Editorial: Reactive oxygen species in chloroplasts and chloroplast antioxidants under abiotic stress

Editorial on the Research Topic
Reactive oxygen species in chloroplasts and chloroplast antioxidants under abiotic stress

An unavoidable consequence of aerobic metabolism by living cells is the production of reactive oxygen species (ROS) as regular cellular metabolic by-products. Plant cellular metabolism is continuously producing ROS, such as superoxide anion radical (${\text{O}}_2^{•-}$), hydrogen peroxide (H₂O₂), and singlet oxygen (¹O₂), at basal levels, which are unable to cause damage, as they are scavenged by different antioxidant mechanisms (Asada, 1999; Apel and Hirt, 2004; Moustaka and Moustakas, 2014).
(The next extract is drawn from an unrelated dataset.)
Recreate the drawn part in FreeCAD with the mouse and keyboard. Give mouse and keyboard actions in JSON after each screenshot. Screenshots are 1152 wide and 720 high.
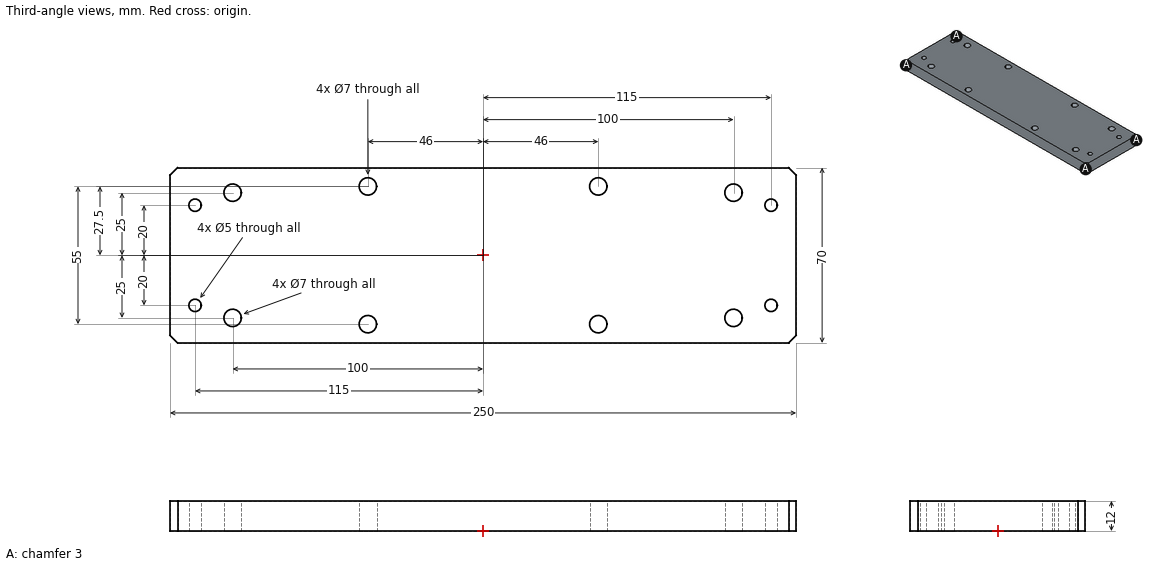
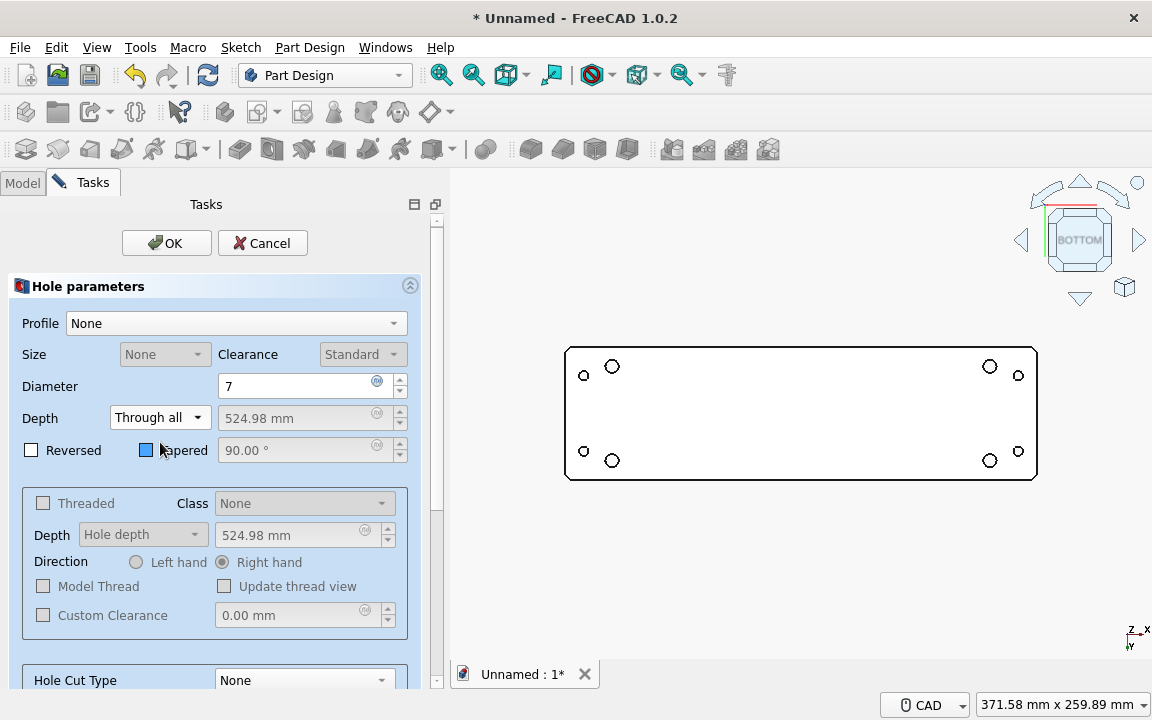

Biotic and abiotic stresses, such as metal toxicity, salinity, drought, chilling, UV-B radiation, and insects, result in an enhancement of ROS (¹O₂, ${\text{O}}_2^{•-}$, H₂O₂, OH^•) creation in plants due to disturbance of cellular homeostasis, which can result in oxidative stress (Moustakas, 2021; Sperdouli et al., 2021; Moustakas, 2022). Oxidative stress results from the imbalance between the production of ROS and the scavenging of their reactive intermediates by antioxidants (enzymatic and non-enzymatic), causing cellular damage that can lead to cell death (Mittler et al., 2004; Gill and Tuteja, 2010; Foyer, 2018). Thus, response of plants to this imbalance before the damage of their cellular structures is critical for maintaining high rates of photosynthesis and also for their survival (Moustaka et al., 2015; Foyer, 2018).
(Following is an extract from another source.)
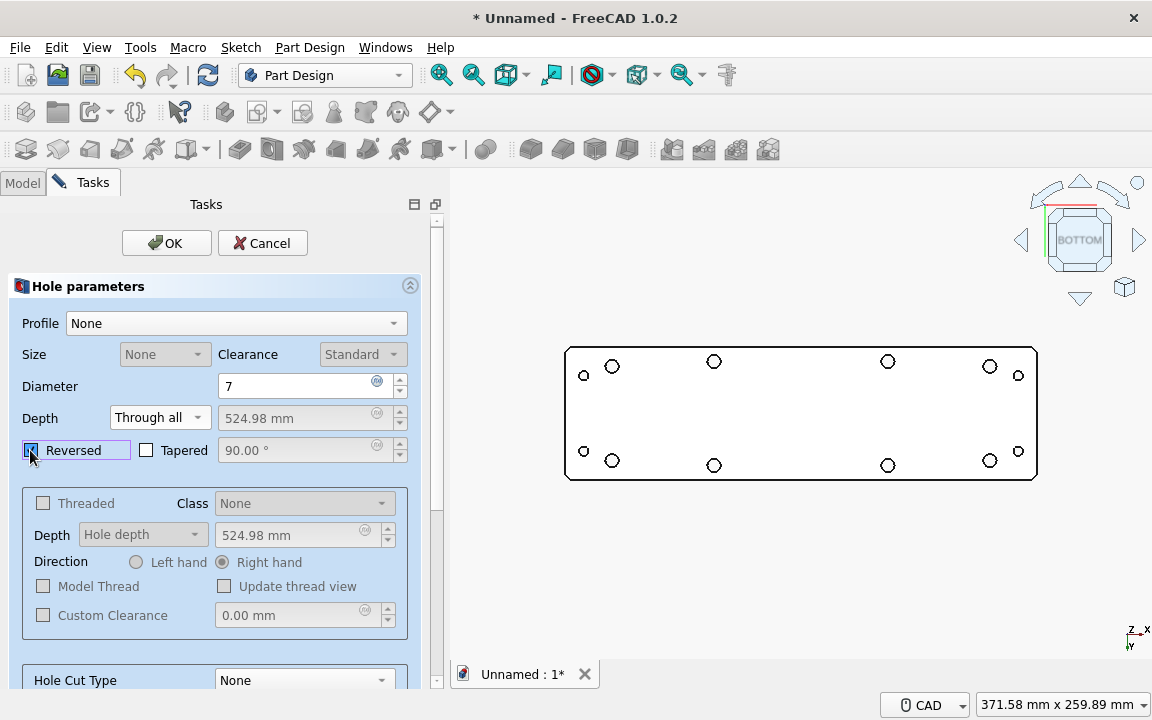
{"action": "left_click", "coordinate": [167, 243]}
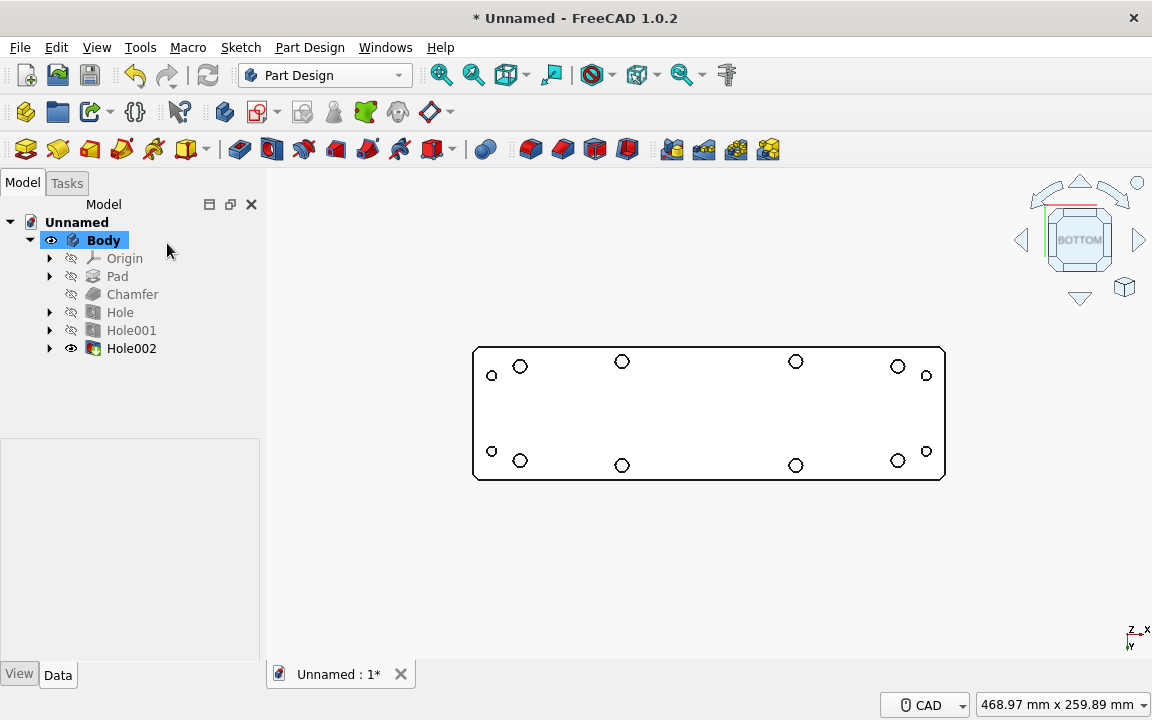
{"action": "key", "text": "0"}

Chloroplasts are considered as one of the most important producers of ROS in plant cells and, more specifically, the light reactions of photosynthesis. Under most abiotic stresses, the absorbed light energy exceeds the energy that it can handle, and thus it can damage the photosynthetic apparatus. If this excess excitation energy is not quenched by the photoprotective mechanism of non-photochemical quenching (NPQ), increased production of ROS occurs, which can lead to oxidative stress (Müller et al., 2001; Foyer and Shigeoka, 2011; Moustakas, 2022). Abiotic stress-induced ROS accumulation is scavenged by enzymatic antioxidants, such as superoxide dismutase (SOD), ascorbate peroxidase (APX), monodehydroascorbate reductase, (MDHAR), dehydroascorbate reductase (DHAR), glutathione reductase (GR), glutathione peroxidase, (GPX), guaicol peroxidase (GOPX), glutathione-S- transferase (GST), and catalase (CAT), and non-enzymatic metabolites, such as ascorbic acid, glutathione, a-tocopherol, carotenoids, phenolic compounds, and flavonoids (Noctor and Foyer, 1998; Gill and Tuteja, 2010; Moustakas et al., 2022).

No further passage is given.